The problem: Print, from the listing below, the lines starting at the line containing "Given: Select the" and ending at the line containing "Task: Find the", exactly as they stand, and print nothing else.

Records:
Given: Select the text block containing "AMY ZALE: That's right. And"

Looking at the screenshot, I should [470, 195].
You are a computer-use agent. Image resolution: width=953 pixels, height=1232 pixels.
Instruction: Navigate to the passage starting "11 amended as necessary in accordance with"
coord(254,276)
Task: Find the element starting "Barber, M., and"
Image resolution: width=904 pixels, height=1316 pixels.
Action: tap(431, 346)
...
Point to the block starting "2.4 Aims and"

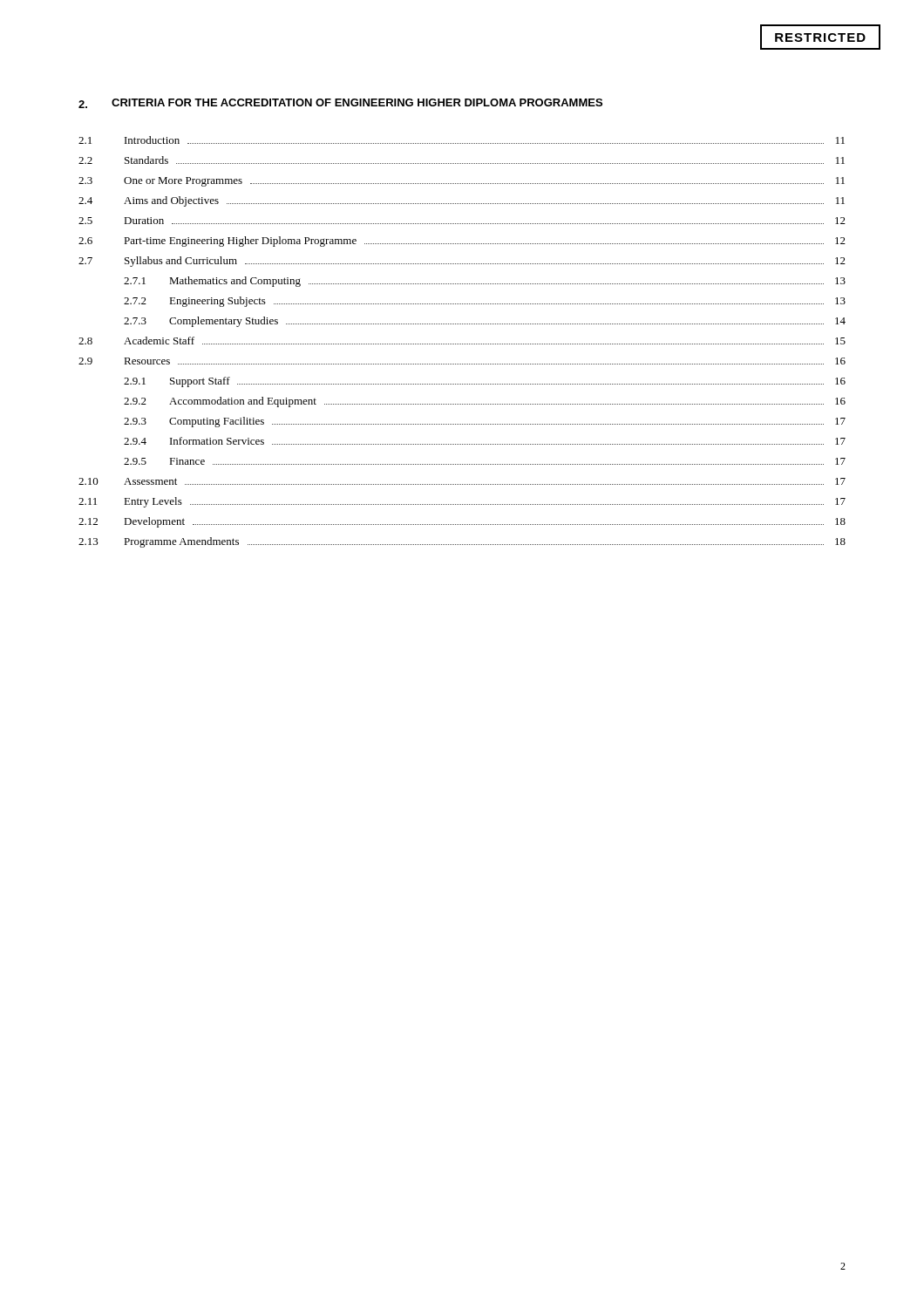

Expected answer:
Given: Select the text block containing "AMY ZALE: That's right. And"

Looking at the screenshot, I should [470, 195].
You are a computer-use agent. Image resolution: width=953 pixels, height=1232 pixels.
Instruction: Navigate to the passage starting "11 amended as necessary in accordance with"
coord(254,276)
Task: Find the element starting "Barber, M., and"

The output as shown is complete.